Dissertation Title: "The Economics of Organ Allocation"
Unlike most goods and services, organs are distributed according to an administratively-determined point formula. This formula must balance competing goals, including the need to minimize organ wastage, the maximization of human life, and the equitable distribution of resources. This dissertation examines the current system for allocating livers in light of these goals. When an organ becomes available, wait-listed patients are ranked in order of medical urgency and the organ is offered to the surgeon of the first patient on the waiting list. Surprisingly, 45 percent of livers are rejected by the first surgeon to whom they are offered.
The first chapter shows, using data from the national organ allocation registry, that surgeons’ behavior is consistent with an optimal stopping problem; surgeons reject poor quality organs for healthy patients in the hope that they will receive a better organ offer in the future. A structural model shows that surgeons’ willingness to use poor-quality organs is responsive to technological change and organ availability. One criticisms of the current allocation system is that many patients are placed on the waiting list in a healthy state but only receive a transplant once they reach the sickest urgency category, at which point their ability to survive the transplant operation is diminished. The rest of the dissertation examines this aspect of the allocation system. Chapter 2 presents estimates of the effect of waiting time on the probability of transplant success. Using blood type as an instrument, waiting time is found to have a clinically and statistically significant effect on outcomes.

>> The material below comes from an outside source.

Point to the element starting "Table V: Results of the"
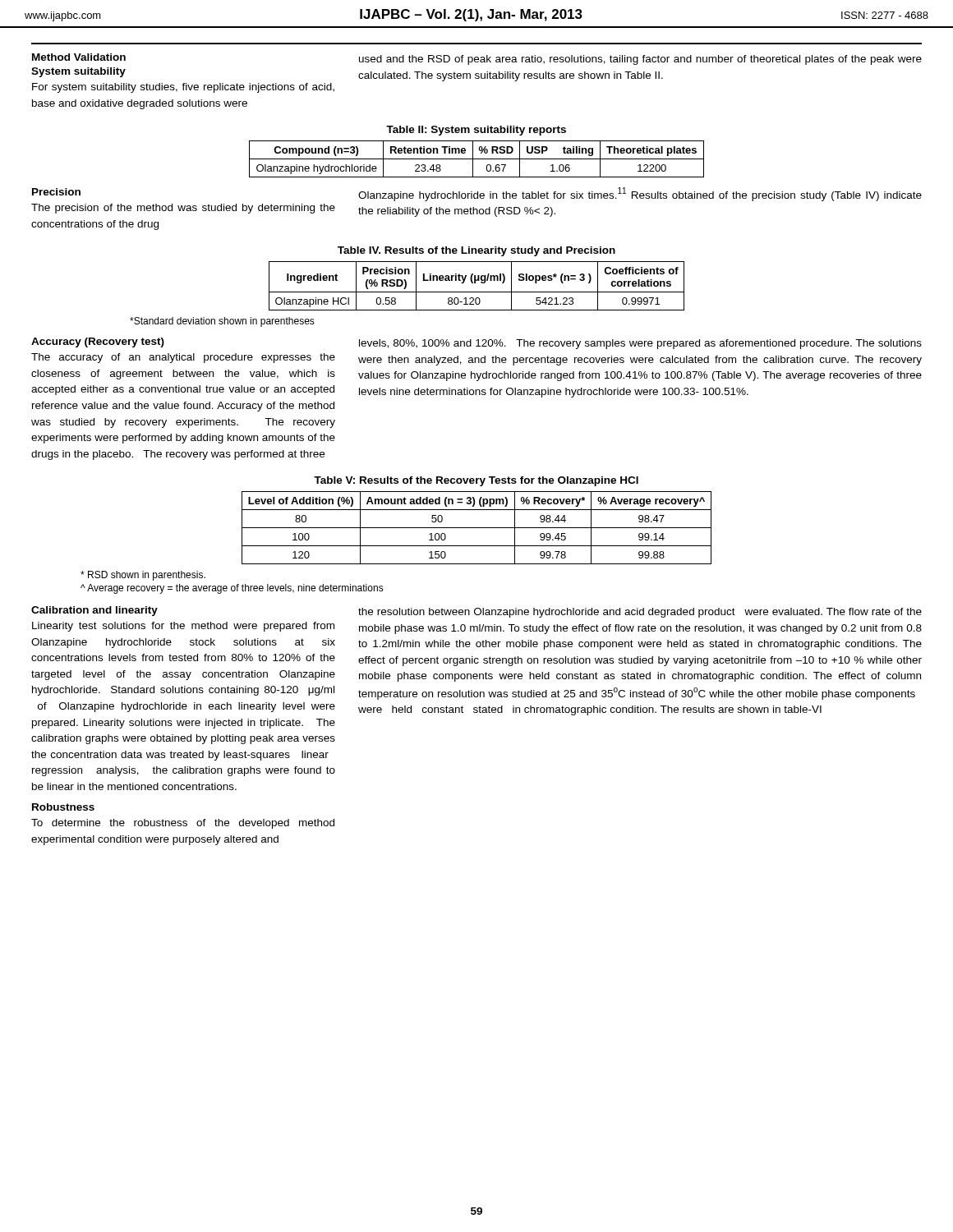tap(476, 480)

Chapter 3 presents a simulation model of patient outcomes under various allocation rules. The current sickest-first rule results in a large loss of health between listing and transplant, and this loss is directly related to the ratio of organ demand to supply. The fourth and final chapter presents three principles by which to evaluate organ allocation rules. Unlike the standard ethical criteria, these take account of the fact that patient urgency is endogenously determined; a rule that prioritizes patients by urgency will cause more patients to become urgent in the first place.